RNA - Much can be learned from the recent fighting in Hodeidah and the failed peace initiatives of the past, though:
- According to a new report by the United Nations, More than 121,000 people fled Hodeidah due to attacks by Saudi-led coalition forces. Humanitarian agencies have verified more than 17,350 households have been displaced since June 1. These people need food, emergency kits, and other life-saving support. It is wishful thinking to hope that Saudi Arabia is or will be carrying out any humanitarian activities to alleviate the pains and sufferings of Hodeidah’s desperate communities.
- The same report confirms that half of children are unable to attend school because there are no schools left as they have all been damaged or leveled to the ground by US-backed, Saudi-led airstrikes. Many health institutions have also closed or suspended operations because of the ongoing airstrikes on the strategic seaport. Again, it is wishful thinking to hope that now or after the war Saudi Arabia will send money to impoverished Yemen to rebuild is schools and health institutions. Riyadh didn’t destroy them only to rebuild them during the war or later.
- There is a reason why Saudi Arabia and company never bother to keep the key port of Hodeidah open or work toward a political solution for Yemen. They all prefer a neighbor that has failed, is unstable, and has convenient buffer zones. This way they can continue their endless war and occupation in order to divide and rule, to implement their expansionist policies and plans throughout the region and beyond.
- True, the Saudis use money and influence to avoid international measures against them at the UN. But that does in no way give an excuse for the world body not to exert pressure on Riyadh to engage constructively with international efforts to progress a political solution. The three-year-plus bloodshed reaffirms that political solution remains the only way to end the conflict.

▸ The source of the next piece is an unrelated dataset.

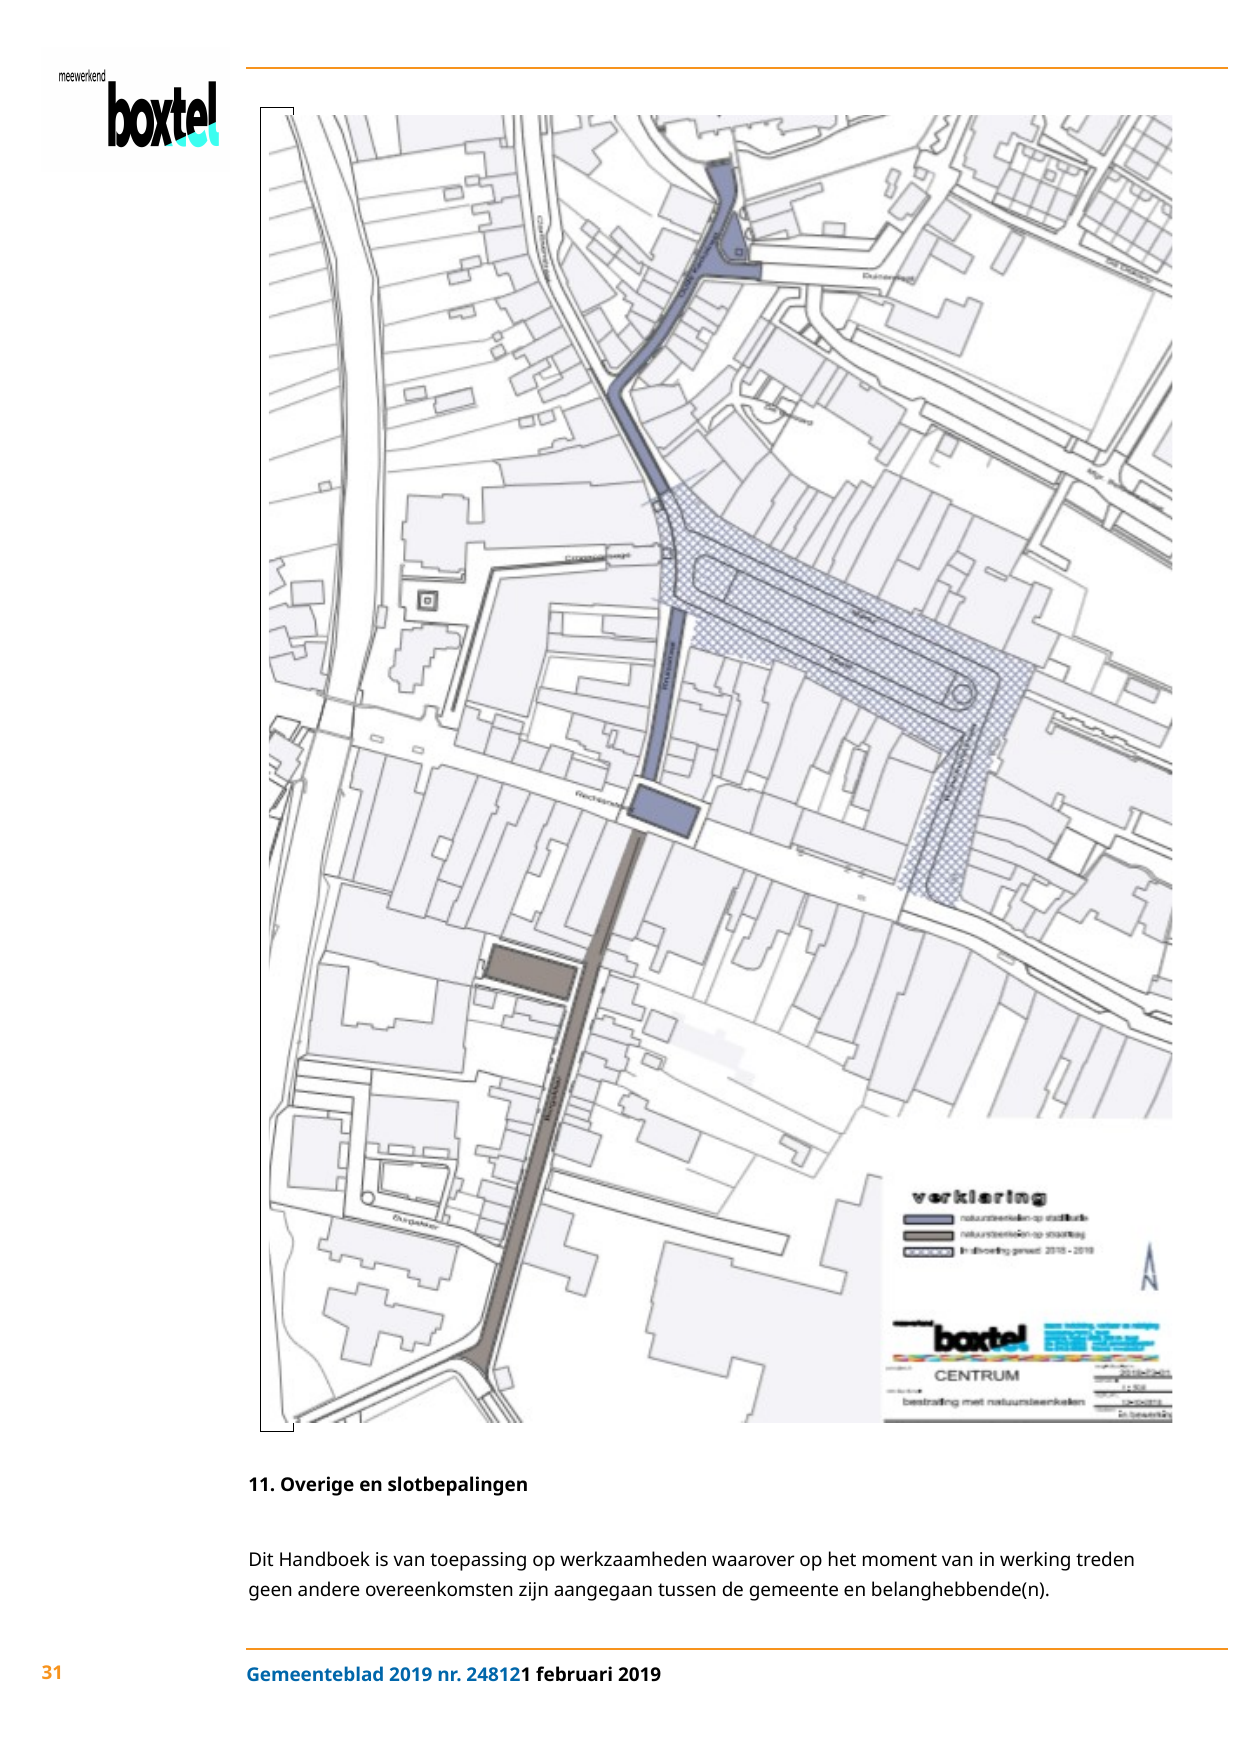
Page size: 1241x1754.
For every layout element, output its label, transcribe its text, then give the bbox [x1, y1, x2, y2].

- Hodeidah is the entry point for some 70 percent of imports to Yemen, where eight million people face imminent famine, and provides a lifeline for the 22 million people dependent on humanitarian aid. The UN should recognize the importance of the port and take any decisive action essential to keep it open. The UN could even oversee the port’s operations to ensure it is no longer a deliberate target for Saudi Arabia, the United Arab Emirates, and their US-NATO allies.

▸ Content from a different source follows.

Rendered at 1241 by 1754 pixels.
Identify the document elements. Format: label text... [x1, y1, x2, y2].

- Saudi Arabia has frequently claimed that the resistance group of Ansarullah has no intention to give a chance to UN diplomatic efforts, while the resistance group has always had fruitful talks with UN envoys in a bid to avert all-out fighting in the strategic port city of Hodeidah and elsewhere. Saudi Arabia and the UAE are behind the current escalation. They are the ones that made the port city as their latest battleground in the failed conflict.
- A peace conference needs the right people to succeed. The Saudis and their NATO allies are not willing to make political decisions. The kind of decisions that the UN needs have never been there: lifting the illegal blockade; halting the airstrikes on civilian objects; ending the man-made conflict as a goodwill gesture to encourage Ansarullah to remain a party to the talks. The Saudi-led coalition wants capitulation in their conference, raising doubts and concerns over its credibility which almost always represents and protects their interests.
According to Fars News Agancy, in the prevailing environment, what Yemen needs is some hope for a possible ceasefire and peace deal. Logic dictates that it is the UN which is in the best position to lead this process – not Saudi Arabia and certainly not a war ally like France. The process should also receive support from all the countries that are presenting goodwill, that want to see progress, and that agree to a ceasefire not just in Hodeidah but across Yemen.
Millions of people are still suffering under the US-backed, Saudi-led war and blockade. The UN Security Council can no longer afford to be silent on the crisis, much less continue to be lenient on Saudi Arabia’s gross violations of human rights and war crimes. Political commitment on the part of the UN and international support is indeed very much needed if any peace process is to be successful in the future, although Riyadh, Abu Dhabi and their allies remain adamant to peace.